Mar, 2021 - By WMR
On February 23, 2021, Mukesh Ambani-owned Reliance Industries Limited (RIL) announced their plan to withdraw their stakes from Reliance Oil-to-Gas (O2C) Limited and launch a separate unit for petro-chemical and oil refinery business.
Reliance Industries Limited (RIL) has announced to take out its O2C business unit, which holds the petrochemical and oil refinery assets of the company. While the company still awaits the approvals from its shareholders, income tax department, NCLT, and the regulatory authorities to demerge the O2C from the parent company. The Indian conglomerate has filed for re-organization to the National Company Law Tribunal (NCLT) present in Mumbai and Ahmedabad for the approval to begin its operations. The company plans to shift all of its petrochemical and refining assets to the newly independent unit, O2C business. The oil refinery and petro-chemical unit of RIL is a shared subsidiary with the Bharat Petroleum (BP) with the stakes ratio of 51:49 to be equally distributed among them. The RIL will be transferring the O2C assets comprising of 12 manufacturing plants, into a wholly owned subsidiary with a debt of US$ 25 billion from the parent company itself. As a listed company, RIL revealed that it cannot distribute the shares with dissimilar rights among the investors.

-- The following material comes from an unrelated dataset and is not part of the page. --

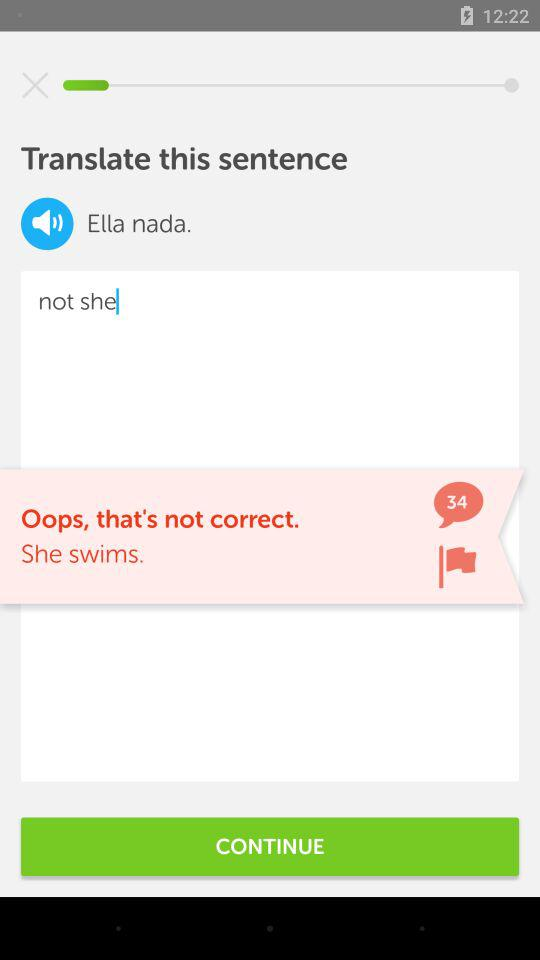Was the answer correct or incorrect? The answer was incorrect.

Since last year, the Reliance Industries Limited has been in talks with Saudi Aramco for the acquisition of stakes in O2C assets. In August 2019, the Saudi Arabian oil company had proposed a valuation of US$ 75 billion for 20% stakes in the O2C unit of RIL. This decision of separating the O2C unit is to grab the same deal with the Saudi Aramco. The government of Saudi Arabia is expected to invest in sustainable energy resources. The global shift to renewable energy and the rising demand for electric-driven vehicles are the possible factors that had led the RIL to create a separate unit of O2C business.